● Action item: The expected output is the line holding "1. hammer: -0.310" plus every line after it through the end of the listing, copied exactly.

** Opening Supplied material block **

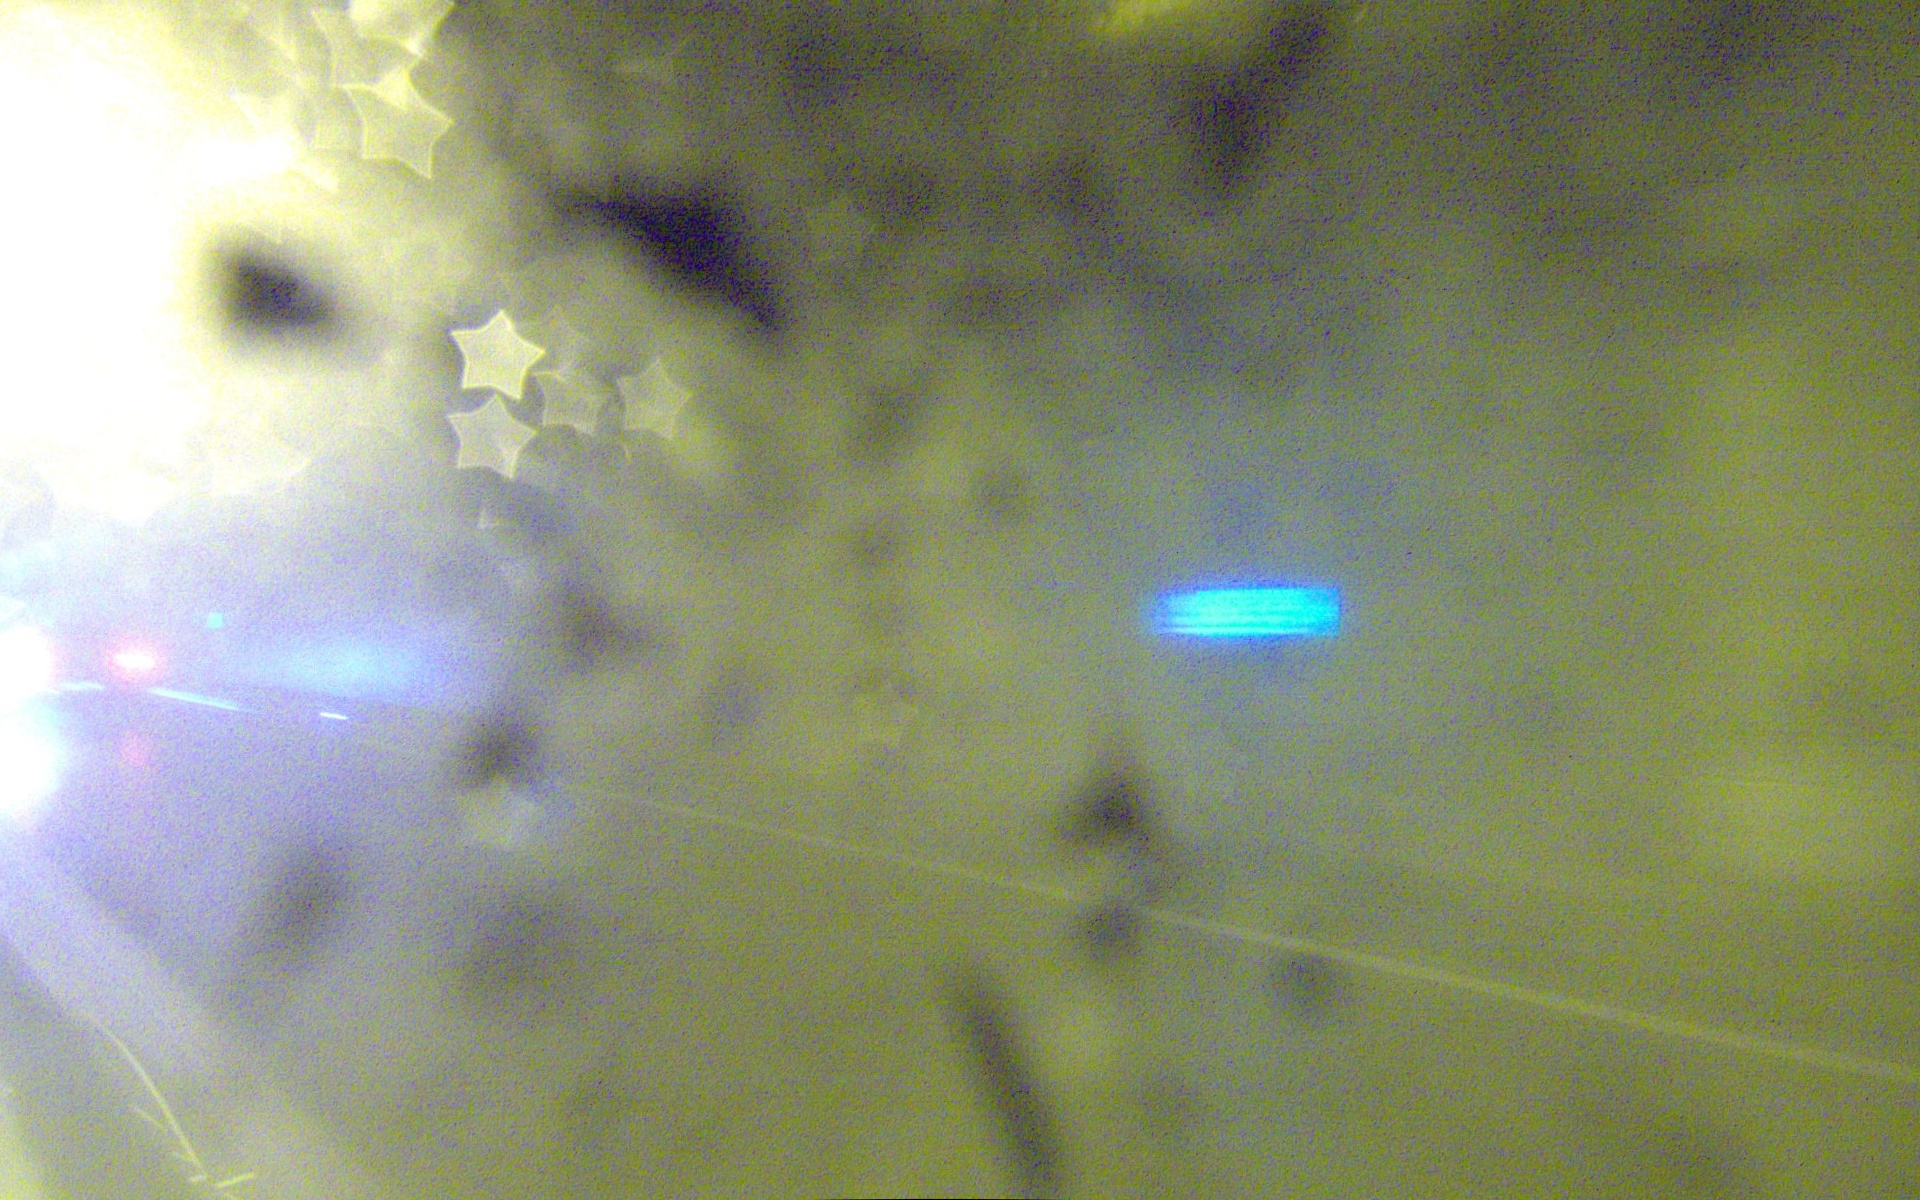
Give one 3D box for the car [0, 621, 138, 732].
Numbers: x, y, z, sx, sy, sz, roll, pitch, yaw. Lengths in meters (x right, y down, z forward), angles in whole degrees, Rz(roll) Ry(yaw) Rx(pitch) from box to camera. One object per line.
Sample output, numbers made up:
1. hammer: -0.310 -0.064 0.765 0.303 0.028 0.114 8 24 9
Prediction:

** Closing Supplied material block **

● Output of the exercise:
1. hammer: -0.310 -0.064 0.765 0.303 0.028 0.114 8 24 9
Prediction:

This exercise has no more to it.